# Introduction

## Flow: a lazy, streaming data pipeline

In football analytics, much of the data - events, matches, player tracking - is delivered as nested JSON records. These files can be large, noisy, and full of structure, but we often want to perform familiar operations: filtering, selecting fields, computing aggregates, or joining on player or match IDs.

Flow is designed for exactly this: lightweight pipelines that operate on record streams without loading everything into memory. It’s built from the ground up for JSON-like dicts, meaning you can start processing immediately without flattening or reshaping your data.


## How Flow Works

A `Flow` is like a smart conveyor belt for your records. You tell it what operations to perform - like `.filter()`, `.select()`, `.assign()` - and it remembers the plan without doing anything right away.

### Lazy, Chainable Operations

When you build a Flow pipeline, you're chaining together a sequence of lazy transformations.

```python
flow = Flow(events)
shots = flow.filter(lambda r: r.get("type_name") == "Shot")
result = shots.select("player_name", "shot_xg")
```

At this point, nothing has actually run. It’s only when you call a materializing method like `.collect()` or `.to_pandas()` that data is processed.

## Materialization: When Work Happens

`Flow` evaluates your pipeline only when necessary - this is called materialization:

- `.collect()` → returns a list of records
- `.to_pandas()` → builds a DataFrame
- `.to_jsonl("out.jsonl")` → writes records to disk
- `for r in flow` → begins processing the stream

Until you do one of these, Flow remains idle and memory-efficient.

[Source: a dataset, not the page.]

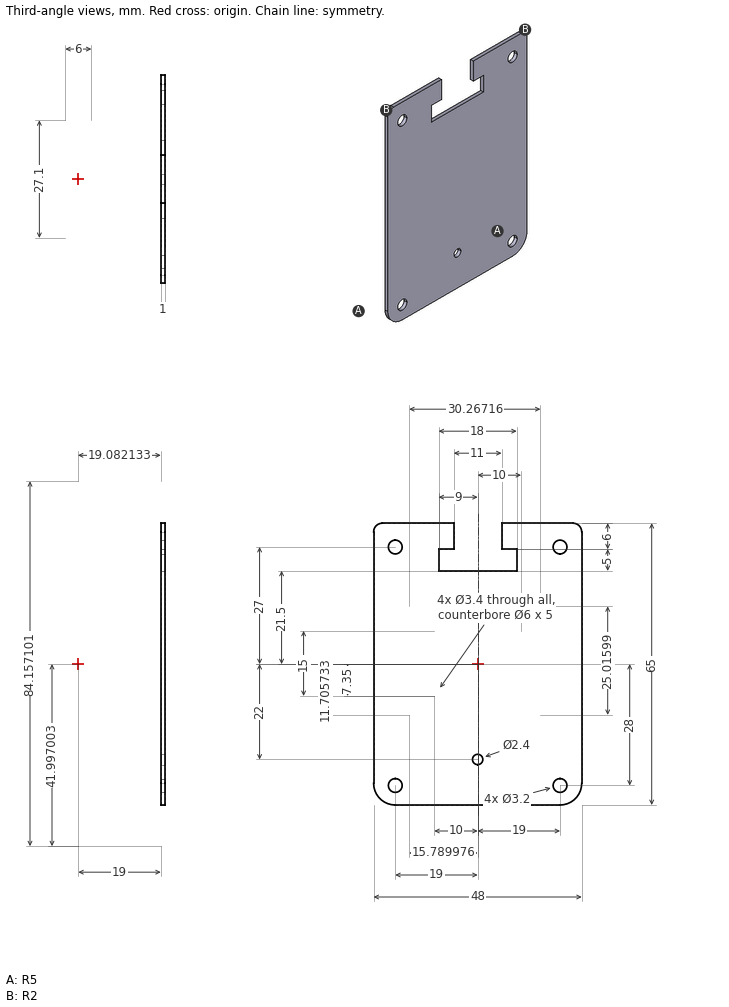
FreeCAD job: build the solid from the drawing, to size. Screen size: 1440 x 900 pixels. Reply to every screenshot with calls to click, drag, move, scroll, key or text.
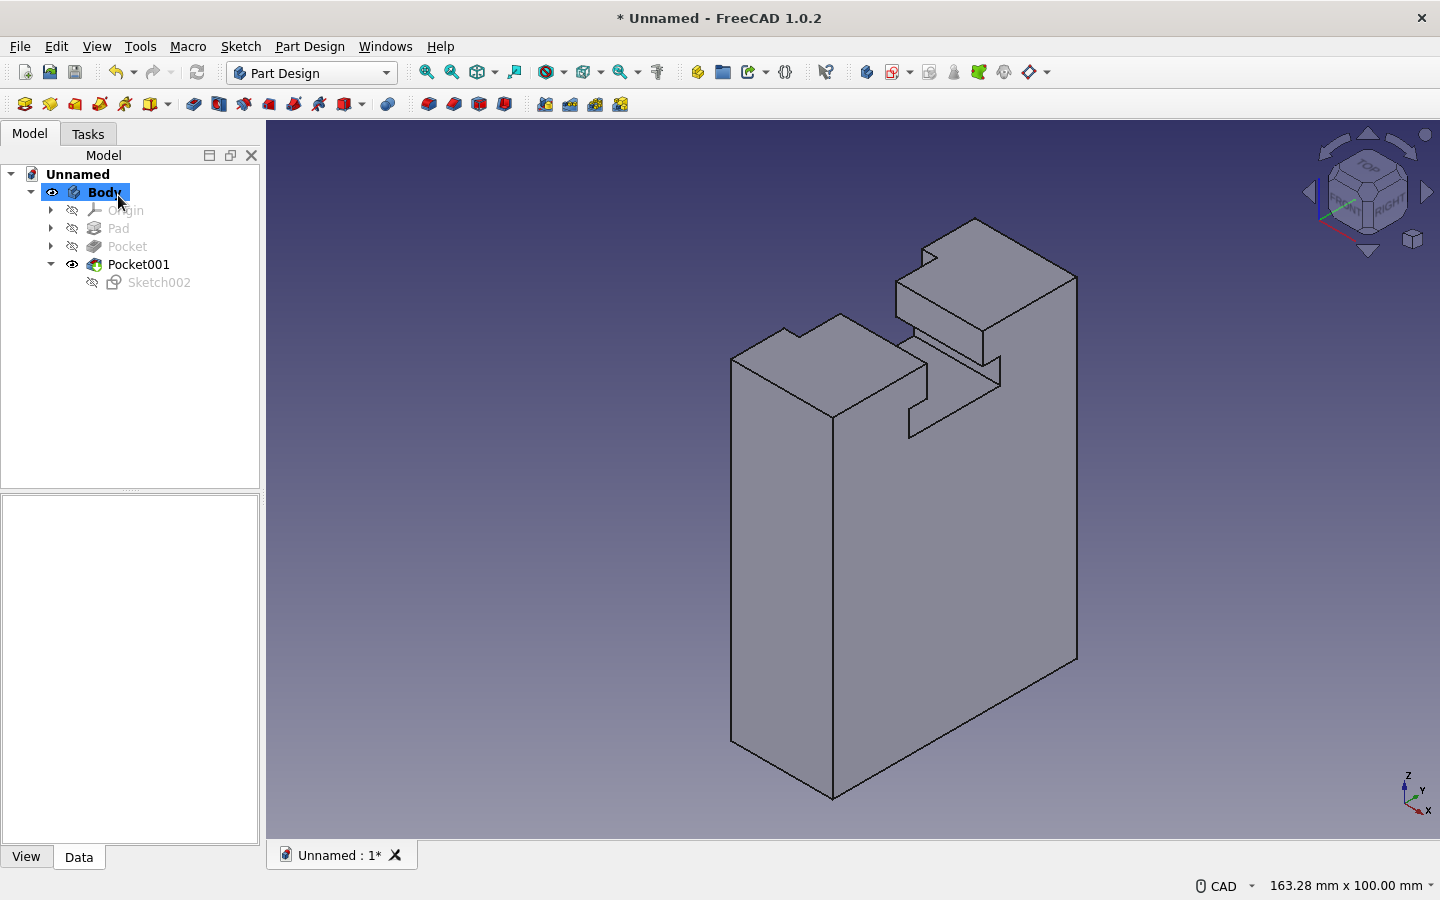
click(955, 592)
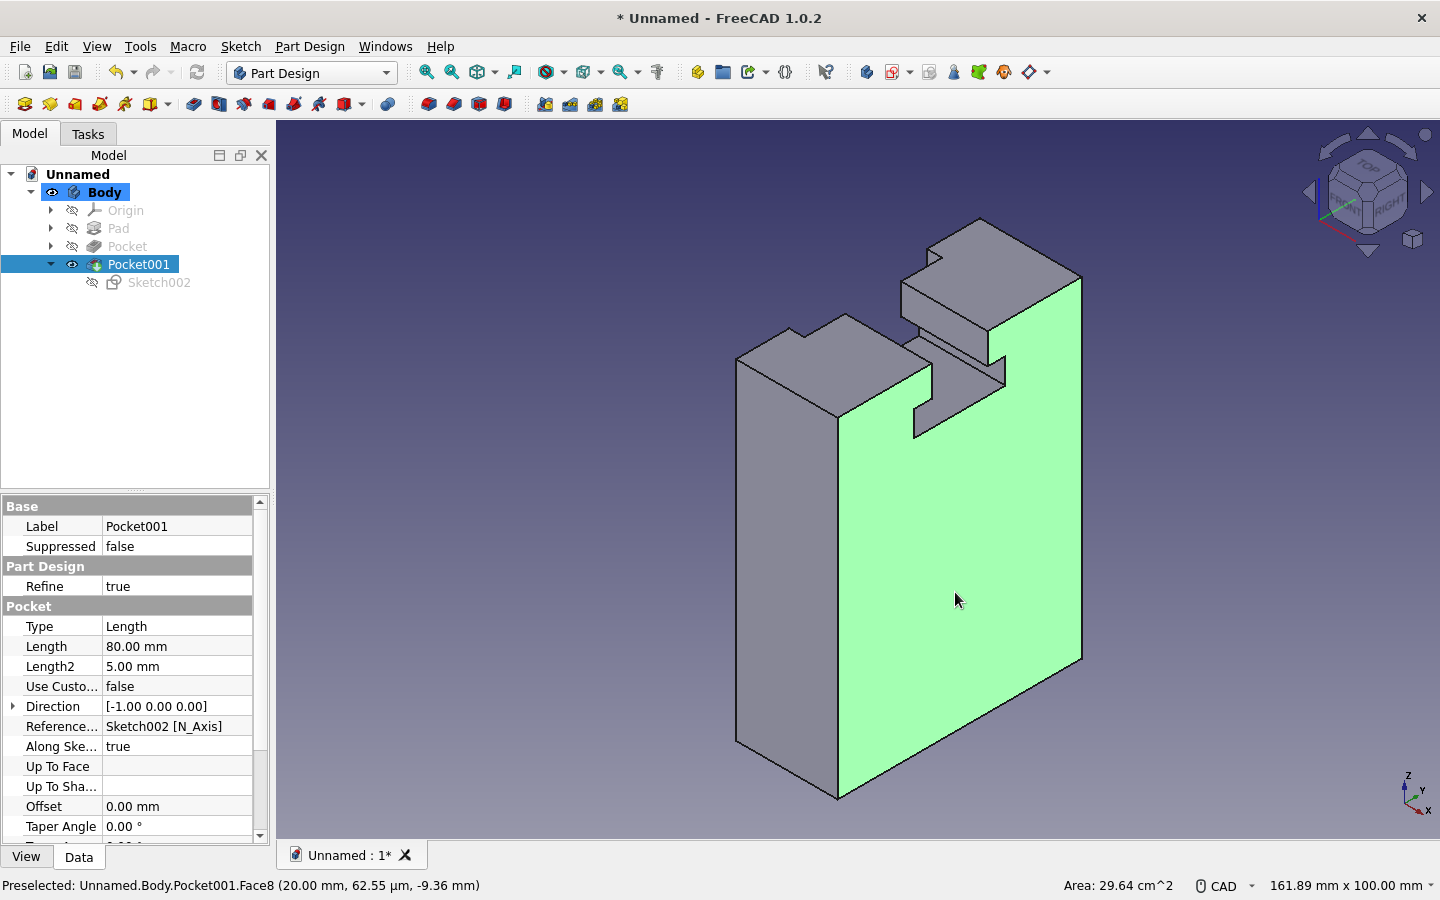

## Automatically Safe to Reuse

Even though `Flow` is built like a generator, it’s safe to reuse. You can:

- Call `.first()`, `.head()`, `.collect()` multiple times
- Loop over the same Flow again
- Chain additional steps later

`Flow` automatically preserves any records it’s seen before, so you never lose data by accident.

```python
flow = Flow(data)

print(flow.first())     # safe peek
print(flow.head(3))     # still safe
print(flow.collect())   # all data still there
```

This buffering happens automatically behind the scenes using a Python technique called “teeing” (but you don’t need to know that to use it).

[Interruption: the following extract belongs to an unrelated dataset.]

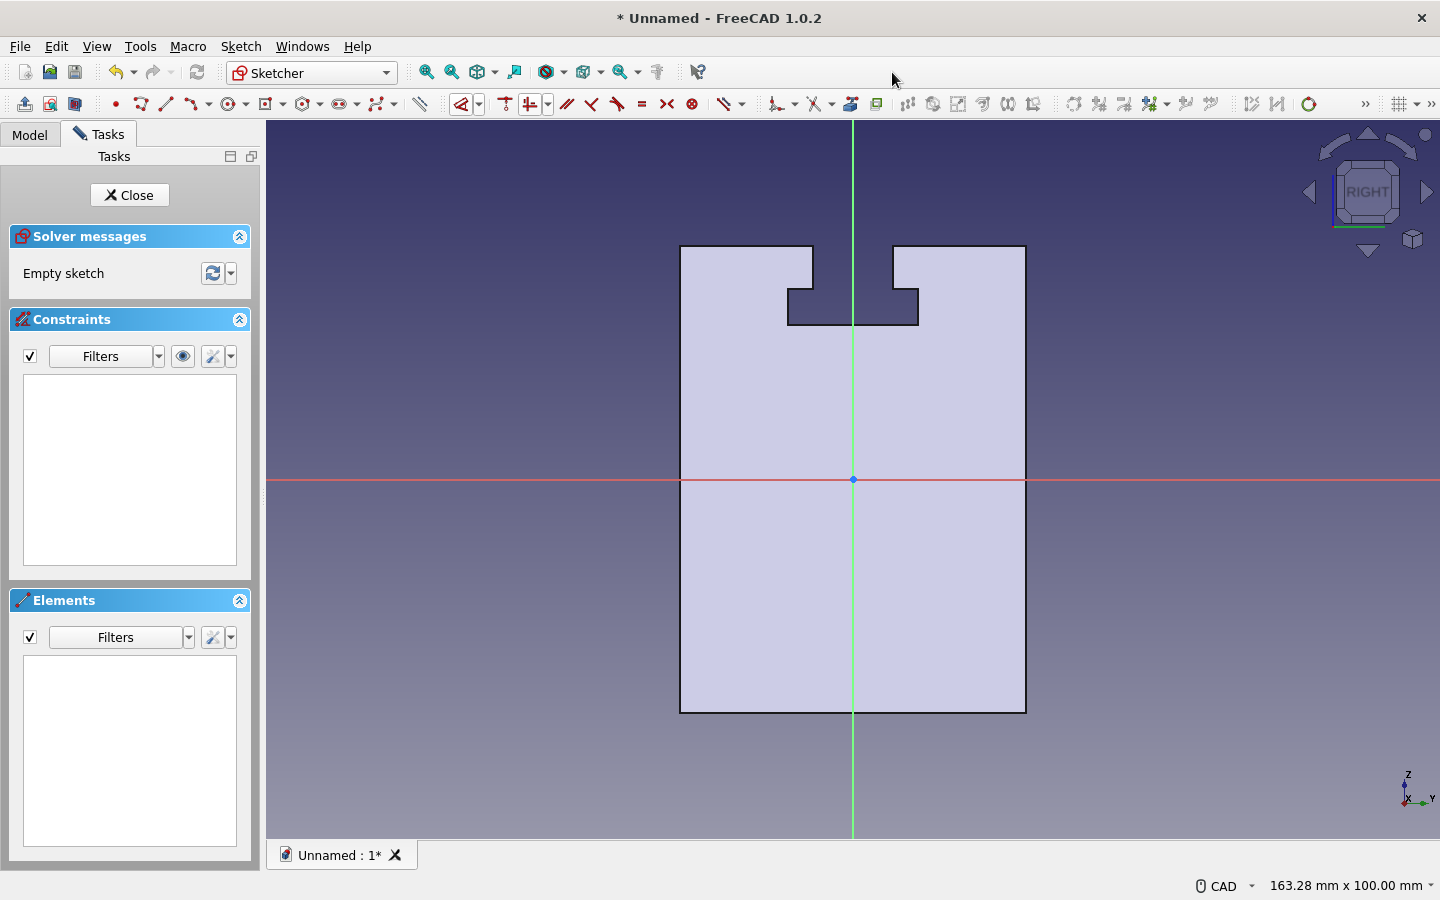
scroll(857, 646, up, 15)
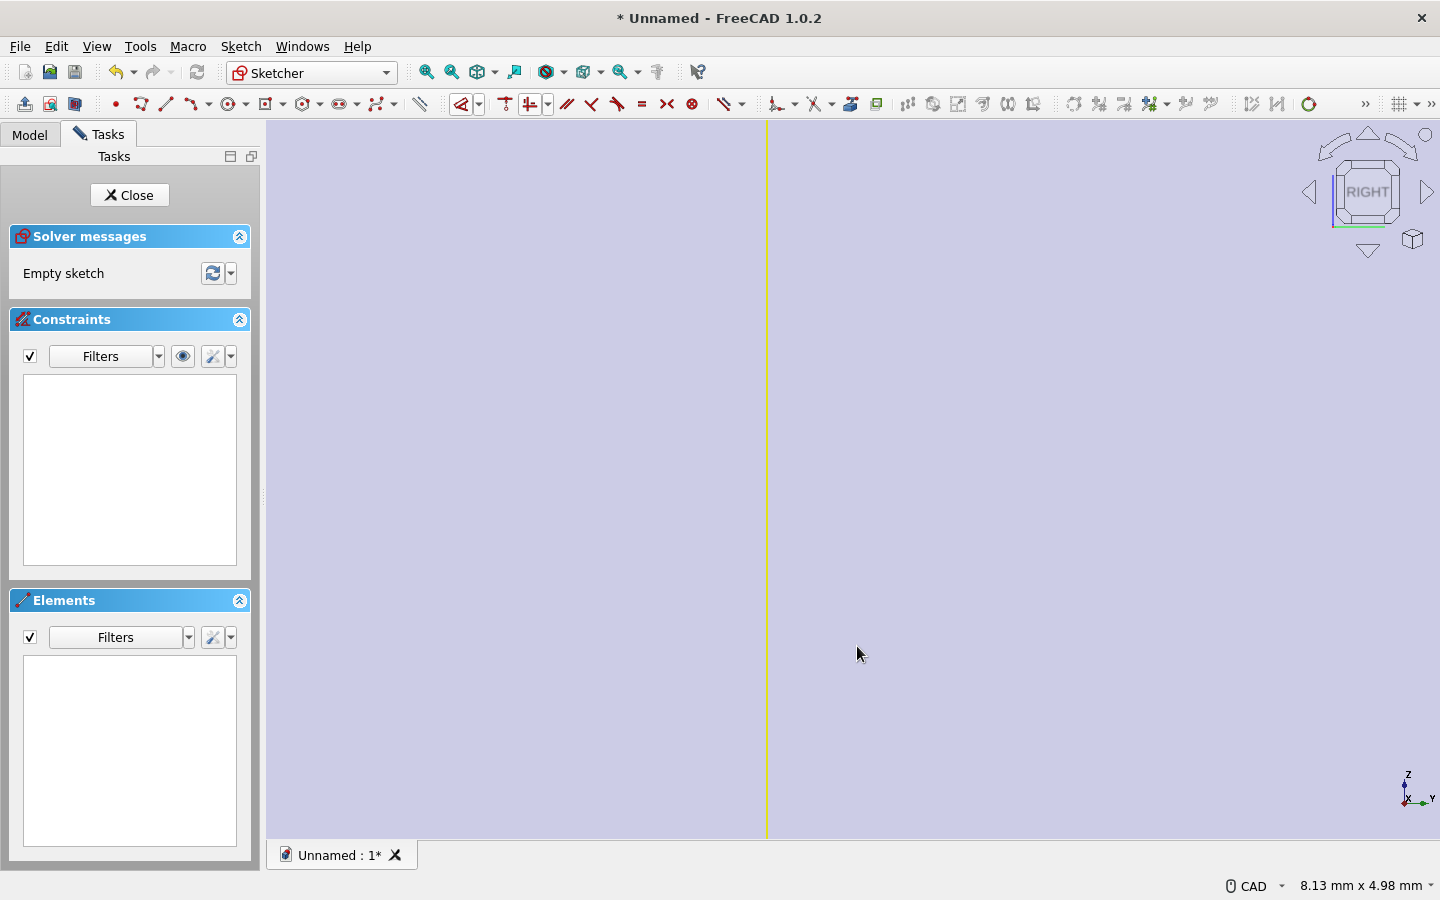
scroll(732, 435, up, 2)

## But Be Aware of Memory Usage

Because `Flow` preserves previously accessed records, repeated reuse will buffer more data in memory over time.

If you plan to inspect or reuse the data repeatedly, it's best to cache it explicitly:

```python
flow = Flow.from_jsonl("data.jsonl").cache()
```

This loads everything once and makes future operations fast and predictable.

## Working with Nested JSON

Football data is often deeply nested. `Flow` helps you work with it naturally:

```python
flow.select("player.name")     # directly select nested field
flow = flow.flatten()          # flatten all nested fields
```

This will flatten the data for you automatically, so you can focus on the operations you need.

## Why This Matters

`Flow’s` design offers practical advantages for sports analytics:

- Scales to large files (record-by-record processing)
- Starts fast (no up-front loading)
- Plays well with JSON and dicts
- Safe and repeatable by default
- Easy to debug, branch, and explore

## Next Steps

Once you understand `Flow’s` model, you can:

- Read files with `Flow.from_jsonl()` or `Flow.from_folder()`
- Transform and select fields with `.filter()`, `.assign()`, `.select()`
- Join datasets with `.join()`
- Group and summarize with `.group_by().summary()`
- Output data with `.to_jsonl()`, `.to_pandas()`, etc.

`Flow` lets you write expressive, powerful pipelines that are fast, safe, and memory-conscious — perfect for event-level football data.